Saturday, January 28

spiritual appearance

I never really stopped to think about hair being alive. I mean, we cut hair and dye hair and do all sorts of other trauma to our hair, yet don't feel a thing.

Well, let me tell you.....when those hair follicles start to die, THEN it becomes quite obvious how many nerve endings live on the scalp. Oh, it's so tender! When the wind blows, when I try to fix my hair and even when I'm just laying on my scalp gets so irritated and sore it takes my breath away and I start to form tears. I know I should just shave it and get it over with, but it's not falling out in chunks yet (just a few strands here and there), so I'm stubbornly holding on. I don't know's just hair. This will be my third time going bald, so I should be used to it, right?

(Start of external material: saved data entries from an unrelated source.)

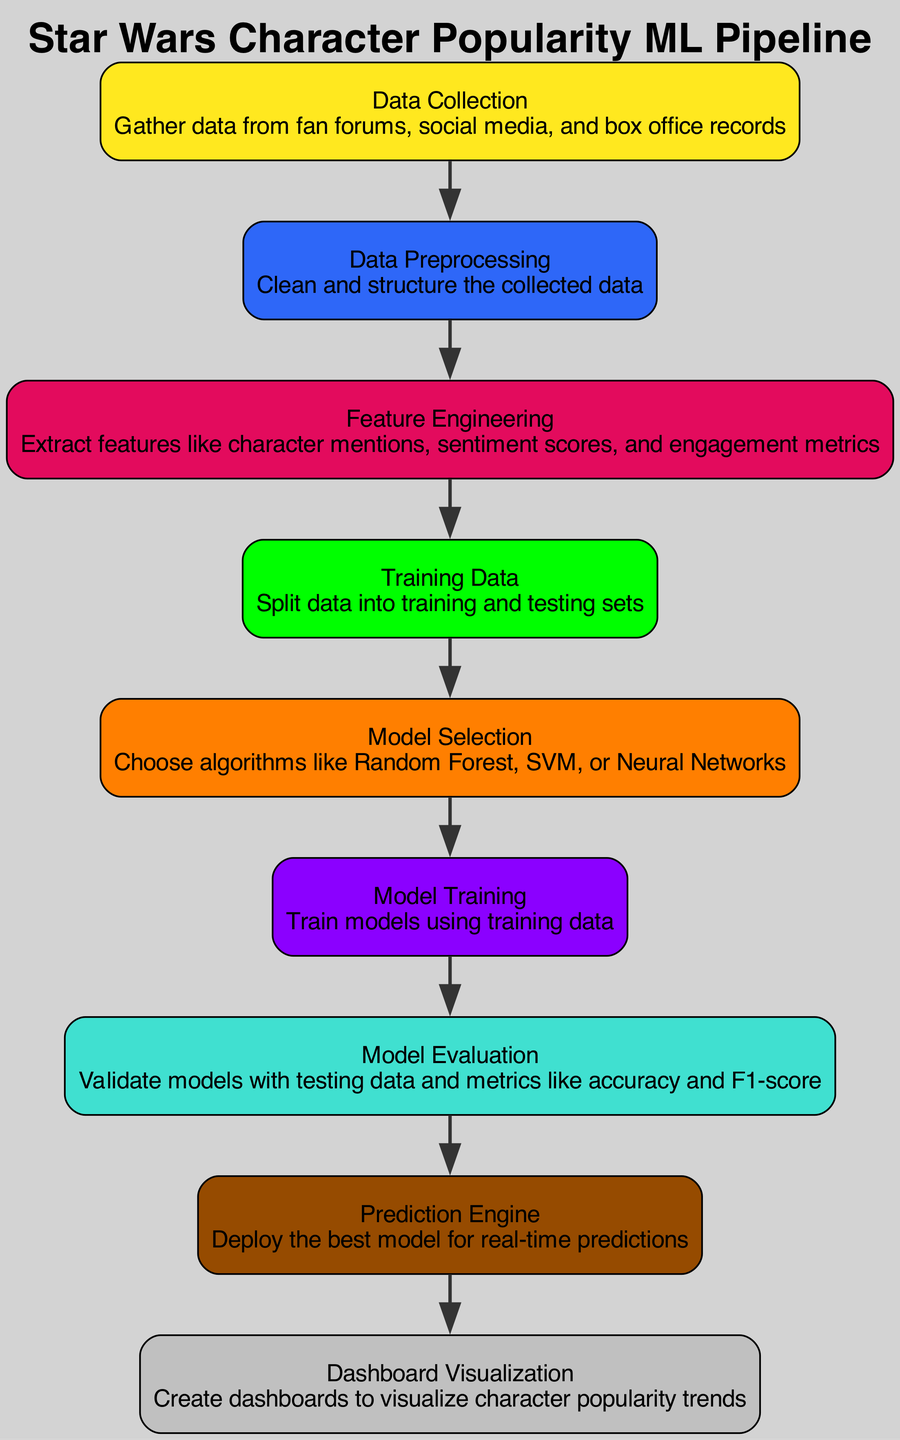What is the first step in the ML pipeline? The first step is labeled "Data Collection" and involves gathering data from fan forums, social media, and box office records.
Answer: Data Collection How many nodes are present in the diagram? Counting the nodes in the diagram, there are a total of nine nodes depicted.
Answer: 9 What connects "Model Training" to "Model Evaluation"? The edge connects the nodes "Model Training" and "Model Evaluation," indicating that the output of model training is input into model evaluation for validation purposes.
Answer: Model Training to Model Evaluation Which algorithm types are suggested for "Model Selection"? The "Model Selection" node indicates algorithms such as Random Forest, SVM, or Neural Networks for consideration in the model selection process.
Answer: Random Forest, SVM, or Neural Networks What does the "Prediction Engine" node represent? The "Prediction Engine" node represents the deployment of the best model, enabling real-time predictions based on fan engagement trends.
Answer: Deploy best model for real-time predictions Which node follows "Feature Engineering"? After "Feature Engineering," the next node indicated is "Training Data," showing that feature extraction is a prerequisite for splitting the data into training and testing sets.
Answer: Training Data What metric is used in "Model Evaluation"? The "Model Evaluation" node mentions metrics like accuracy and F1-score to assess model performance after validation.
Answer: Accuracy and F1-score What is the purpose of the "Dashboard Visualization" node? The "Dashboard Visualization" node is designed to create visual dashboards that display character popularity trends, aiding in the analysis of fan engagement.
Answer: Visualize character popularity trends Which phase involves cleaning and structuring the collected data? The "Data Preprocessing" phase is responsible for cleaning and structuring the data collected from various sources before further analysis and modeling.
Answer: Data Preprocessing

I suppose I'm unwilling to take that step right now, because it's such an outward sign of what's going on with this cancer inside. Honestly, I don't "feel" any different, so I'm just not wanting to "look" different. Perhaps I'm being vain.

I guess I'm struggling, because I feel so completely whole and beautiful on the inside. I know that the Holy Spirit is alive and working hard within me to teach me and help me to grow even closer to Christ. So I rebel at the thought of looking sick again. I don't want to wear a big banner that says: Look at me! I have cancer!

I guess I just need to change my viewpoint that being bald is ugly and sickly. After all, God created our bodies, and hair is merely an adornment.

Actually, the more I think about it, I can't help but compare this to a spiritual life of duplicity. God wants our internal joy to reach beyond our skin and touch others with His glory. It's not about a physical appearance, but more about a spiritual appearance. His Light within should naturally seep out of us. I'm finding such encouragement from this concept. Wow. I needed this reminder. After all, not everyone is blessed with a flawless physical body — is anyone, really?!

Unfortunately first impressions are often based on physical appearance. That is so unfair. Those with a birth defect or a scar or an injury or the elderly or lets face it, even those who are overweight or way underweight get unfairly judged. I'm guilty of it, too. I find myself hesitant to befriend someone who appears so beautiful and "model-like," because of my own insecurities. Oh, I'm feeling very convicted right now. How can I expect others to look beyond my own physical imperfections if I don't take the plank out of my own eye and start viewing the true beauty that lies inside of others!

I feel better now about embracing a bald head. Not only will I raise my head and be proud to be different, I will do my best to see other people as God sees them. I will look beyond the physical appearance of others and strive to get to know the minds and hearts of them.